I claim that at stage $n$, your theory $T_n$ consists of PA plus the collection of true $\Pi^0_n$ sentences (that is, true in the standard model). This starts out true with $T_0$. If $T_n$ is like that, then consider $T_{n+1}$. If $\psi$ is a true $\Pi^0_{n+1}$ statement, then in particular, it is consistent with $T_n$, since both are true in the standard model.

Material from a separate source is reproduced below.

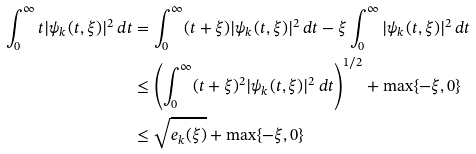Convert formula to latex. <formula><loc_0><loc_0><loc_500><loc_500>\int _ { 0 } ^ { \infty } t | \psi _ { k } ( t , \xi ) | ^ { 2 } \, d t & = \int _ { 0 } ^ { \infty } ( t + \xi ) | \psi _ { k } ( t , \xi ) | ^ { 2 } \, d t - \xi \int _ { 0 } ^ { \infty } | \psi _ { k } ( t , \xi ) | ^ { 2 } \, d t \\ & \leq \left ( \int _ { 0 } ^ { \infty } ( t + \xi ) ^ { 2 } | \psi _ { k } ( t , \xi ) | ^ { 2 } \, d t \right ) ^ { 1 / 2 } + \max \{ - \xi , 0 \} \\ & \leq \sqrt { e _ { k } ( \xi ) } + \max \{ - \xi , 0 \}</formula> 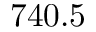Convert formula to latex. <formula><loc_0><loc_0><loc_500><loc_500>7 4 0 . 5</formula>

So either it is provable from $T_n$, in which case it is already there, or else it is independent, in which case you add it at stage $n+1$. Conversely, if $\psi$ is a $\Pi^0_{n+1}$ statement that is independent of $T_n$, then in particular, it asserts $\forall x\ \phi(x)$, where $\phi(x)$ is $\Sigma_n$. Since $\psi$ is true in a model of $T_n$, it follows that $\phi(m)$ must hold of every standard $m$, since if $\phi(m)$ failed then $\neg\phi(m)$ would be a true $\Pi^0_n$ sentence and hence part of $T_n$, preventing $\psi$ from being consistent with $T_n$. So $\psi$ is true.

Thus, by induction, you are adding all and only the true $\Pi^0_n$ statements at each stage, and you've got the theory of true arithmetic.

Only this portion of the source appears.